Posted Mar 13, 2009 10:41 UTC (Fri) by bojan (subscriber, #14302) [Link] (2 responses)

> A simple "write data to disk" operation would have unnecessary complexity, as the slides show (a collection #ifdefs and run-time ifs). This is insane. The operating system (and hence by extension, the underlying filesystem) is supposed to abstract things away, not make things harder.

Unfortunately, that's the status of POSIX right now. And the complexity can be put into a library for everyone to share.

> A sane filesystem should have the previous version of a file available intact, no matter when the crash occurred. To put it another way, why replicate the "safe save" functionality in each app when it can be done once in the filesystem ?

Because the reality is that right now POSIX doesn't demand it, so your app is bound to bump into a file system here and there that requires exactly that. An app written safely will work with both types of file system semantics. The opposite is not true.

An interesting link

Posted Mar 15, 2009 13:53 UTC (Sun) by kleptog (subscriber, #1183) [Link] (1 responses)

ISTM that the choice for the application writer is straightforward:

1. I care that my application works correctly in the face of crashes on Linux on the default filesystem, in which case the above fixes will do it.

2. I care that my application works correctly in the face of crashes on any POSIX compliant OS, in which case you need to fix the app.

Unfortunately I come across a lot of code where the writer didn't even consider the problem, leaving bogus state even if you just kill the application at the wrong moment. I sincerely hope this brouhaha will at least cause more people to pay attention to the issue.

An interesting link

Posted Mar 15, 2009 18:08 UTC (Sun) by skybrian (guest, #365) [Link]

Agreed that carefully written, standards-compliant apps that go the extra mile to avoid data loss regardless of operating system will have a portability advantage over most. But unless there are lots of users out there running on filesystems with weaker semantics than ext3, the advantage isn't that big.

Also, what the most carefully written apps do isn't particularly relevant to what the filesystem should do. The choice for filesystem writers is:

a) implement just the bare standards, and most people won't use your filesystem because their apps lose data, even if it's faster.

b) implement nicer semantics so that people will actually prefer your filesystem over others. Decreased data loss after a system crash, even for poorly written apps, is such a feature.

It's the same tradeoff that exists for people who write web browsers. When the standards are too weak to achieve compatibility with most apps, you have to go beyond them. You need both good performance and good compatibility.

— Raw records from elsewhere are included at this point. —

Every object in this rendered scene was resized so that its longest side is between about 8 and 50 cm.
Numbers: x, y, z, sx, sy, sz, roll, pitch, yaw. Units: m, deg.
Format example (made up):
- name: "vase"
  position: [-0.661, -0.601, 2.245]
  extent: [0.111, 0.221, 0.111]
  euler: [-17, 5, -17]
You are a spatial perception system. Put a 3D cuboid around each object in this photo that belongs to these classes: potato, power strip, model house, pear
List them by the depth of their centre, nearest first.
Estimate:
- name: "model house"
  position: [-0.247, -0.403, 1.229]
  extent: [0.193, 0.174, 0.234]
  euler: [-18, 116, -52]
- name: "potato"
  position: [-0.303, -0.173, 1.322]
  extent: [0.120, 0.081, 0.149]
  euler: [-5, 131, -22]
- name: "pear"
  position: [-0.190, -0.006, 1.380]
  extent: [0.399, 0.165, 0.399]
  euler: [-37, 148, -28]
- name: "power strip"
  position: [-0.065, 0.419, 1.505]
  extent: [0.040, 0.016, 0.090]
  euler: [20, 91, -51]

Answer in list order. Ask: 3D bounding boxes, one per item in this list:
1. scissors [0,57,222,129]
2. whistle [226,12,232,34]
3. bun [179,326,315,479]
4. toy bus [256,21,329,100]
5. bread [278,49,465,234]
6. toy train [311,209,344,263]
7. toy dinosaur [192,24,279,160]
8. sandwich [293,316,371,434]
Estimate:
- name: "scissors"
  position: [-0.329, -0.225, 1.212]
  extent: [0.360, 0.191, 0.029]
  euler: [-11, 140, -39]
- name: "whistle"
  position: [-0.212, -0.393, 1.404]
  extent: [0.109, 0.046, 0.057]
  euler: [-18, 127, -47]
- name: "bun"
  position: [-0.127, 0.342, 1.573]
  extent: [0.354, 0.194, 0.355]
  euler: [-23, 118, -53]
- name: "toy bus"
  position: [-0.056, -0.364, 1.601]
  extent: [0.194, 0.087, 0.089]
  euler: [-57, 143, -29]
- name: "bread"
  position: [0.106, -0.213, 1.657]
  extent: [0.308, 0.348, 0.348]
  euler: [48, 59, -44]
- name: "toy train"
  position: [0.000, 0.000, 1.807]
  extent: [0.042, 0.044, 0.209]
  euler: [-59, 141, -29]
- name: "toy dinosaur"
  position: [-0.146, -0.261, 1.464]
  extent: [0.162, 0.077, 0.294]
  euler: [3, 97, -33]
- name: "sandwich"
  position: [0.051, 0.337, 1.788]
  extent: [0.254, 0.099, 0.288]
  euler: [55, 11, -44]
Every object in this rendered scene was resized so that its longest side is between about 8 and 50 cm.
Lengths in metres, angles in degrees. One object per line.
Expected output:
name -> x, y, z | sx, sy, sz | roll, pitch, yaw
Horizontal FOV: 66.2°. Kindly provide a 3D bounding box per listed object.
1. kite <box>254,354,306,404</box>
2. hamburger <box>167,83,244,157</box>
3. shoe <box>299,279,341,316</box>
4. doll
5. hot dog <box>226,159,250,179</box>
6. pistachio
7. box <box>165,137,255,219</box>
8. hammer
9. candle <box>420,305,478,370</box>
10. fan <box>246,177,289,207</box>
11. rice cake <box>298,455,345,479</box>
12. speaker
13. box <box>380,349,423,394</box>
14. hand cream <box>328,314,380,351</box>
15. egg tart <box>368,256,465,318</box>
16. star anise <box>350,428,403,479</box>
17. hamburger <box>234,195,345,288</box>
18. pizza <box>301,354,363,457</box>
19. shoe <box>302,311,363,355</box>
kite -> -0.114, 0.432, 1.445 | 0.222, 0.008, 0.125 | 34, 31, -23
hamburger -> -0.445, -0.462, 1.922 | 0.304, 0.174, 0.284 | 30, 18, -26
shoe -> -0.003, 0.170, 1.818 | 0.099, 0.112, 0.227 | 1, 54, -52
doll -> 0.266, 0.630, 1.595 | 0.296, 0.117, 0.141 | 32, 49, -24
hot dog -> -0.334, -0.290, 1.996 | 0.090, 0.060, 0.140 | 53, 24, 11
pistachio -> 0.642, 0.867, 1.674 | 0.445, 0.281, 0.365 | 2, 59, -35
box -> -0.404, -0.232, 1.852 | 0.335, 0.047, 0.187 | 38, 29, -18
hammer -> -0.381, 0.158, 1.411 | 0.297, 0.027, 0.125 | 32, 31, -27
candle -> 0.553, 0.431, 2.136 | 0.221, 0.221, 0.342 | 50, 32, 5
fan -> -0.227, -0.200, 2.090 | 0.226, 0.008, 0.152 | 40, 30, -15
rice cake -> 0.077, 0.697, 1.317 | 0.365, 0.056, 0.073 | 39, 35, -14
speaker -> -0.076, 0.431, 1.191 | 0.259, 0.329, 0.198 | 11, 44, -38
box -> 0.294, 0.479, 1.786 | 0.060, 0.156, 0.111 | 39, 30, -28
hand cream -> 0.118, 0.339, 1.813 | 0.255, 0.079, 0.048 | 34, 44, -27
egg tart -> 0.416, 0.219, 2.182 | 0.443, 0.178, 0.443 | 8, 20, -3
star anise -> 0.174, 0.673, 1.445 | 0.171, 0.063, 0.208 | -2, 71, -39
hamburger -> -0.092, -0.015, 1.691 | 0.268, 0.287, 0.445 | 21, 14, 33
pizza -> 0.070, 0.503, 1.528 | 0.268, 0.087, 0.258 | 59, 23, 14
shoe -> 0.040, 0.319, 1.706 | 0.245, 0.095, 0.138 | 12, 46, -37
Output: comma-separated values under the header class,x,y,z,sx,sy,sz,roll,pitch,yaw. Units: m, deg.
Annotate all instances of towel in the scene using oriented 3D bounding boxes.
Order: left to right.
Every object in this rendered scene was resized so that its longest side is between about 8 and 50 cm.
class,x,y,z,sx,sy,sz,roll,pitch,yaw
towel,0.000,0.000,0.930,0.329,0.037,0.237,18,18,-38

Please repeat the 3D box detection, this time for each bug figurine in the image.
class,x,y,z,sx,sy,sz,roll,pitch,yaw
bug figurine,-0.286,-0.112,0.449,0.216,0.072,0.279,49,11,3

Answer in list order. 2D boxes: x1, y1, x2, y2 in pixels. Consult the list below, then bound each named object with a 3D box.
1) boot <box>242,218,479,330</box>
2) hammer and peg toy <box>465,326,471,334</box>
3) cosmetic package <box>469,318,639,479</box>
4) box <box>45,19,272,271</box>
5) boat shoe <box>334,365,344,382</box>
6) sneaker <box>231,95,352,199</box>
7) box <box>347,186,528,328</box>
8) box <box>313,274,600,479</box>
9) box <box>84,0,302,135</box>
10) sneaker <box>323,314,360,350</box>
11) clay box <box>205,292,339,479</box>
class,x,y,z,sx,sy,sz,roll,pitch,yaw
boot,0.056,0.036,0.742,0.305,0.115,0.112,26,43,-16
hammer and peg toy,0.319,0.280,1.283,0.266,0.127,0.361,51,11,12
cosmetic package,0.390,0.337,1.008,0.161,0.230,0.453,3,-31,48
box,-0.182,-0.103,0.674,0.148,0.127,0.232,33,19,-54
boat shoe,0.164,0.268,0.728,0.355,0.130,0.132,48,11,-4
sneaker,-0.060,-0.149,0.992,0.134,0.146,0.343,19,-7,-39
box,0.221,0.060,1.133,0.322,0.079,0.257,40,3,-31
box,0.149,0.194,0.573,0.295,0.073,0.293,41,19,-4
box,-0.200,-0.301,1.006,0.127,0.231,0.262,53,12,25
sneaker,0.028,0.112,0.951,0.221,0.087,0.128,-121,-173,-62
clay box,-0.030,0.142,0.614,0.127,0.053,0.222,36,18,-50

Without this patch, ext4 would not be competitive with ext3.

Name of sysctl paths

Posted Mar 16, 2009 9:30 UTC (Mon) by tarvin (guest, #4412) [Link] (1 responses)

On my Fedora 10 system, the involved sysctl paths are:

/proc/sys/vm/dirty_writeback_centisecs
and
/proc/sys/vm/dirty_expire_centisecs

I suppose there is a slight error in the article. Or is Fedora 10 nonstandard regarding this?

Name of sysctl paths

Posted Mar 16, 2009 13:55 UTC (Mon) by corbet (editor, #1) [Link]

There was a slight error in the article, yes. Sorry for any confusion...

Why wait, if the disk is idle?

Posted Sep 9, 2009 22:30 UTC (Wed) by Richard_J_Neill (subscriber, #23093) [Link] (1 responses)

I understand why the optimisations are a good idea on very heavily loaded system. Likewise on a laptop-mode machine which spins down the HDD.

But in all other cases, if the disk is idle, surely the OS should flush as soon as it possibly can? What benefit occurs from waiting 30 seconds (to have more efficient writes) if the disk isn't running flat-out at this instant?

Why wait, if the disk is idle?

Posted Sep 11, 2009 15:48 UTC (Fri) by nix (subscriber, #2304) [Link]

Even some non-laptop systems (e.g. WD GreenPower drives) can spin
themselves down a bit to save power.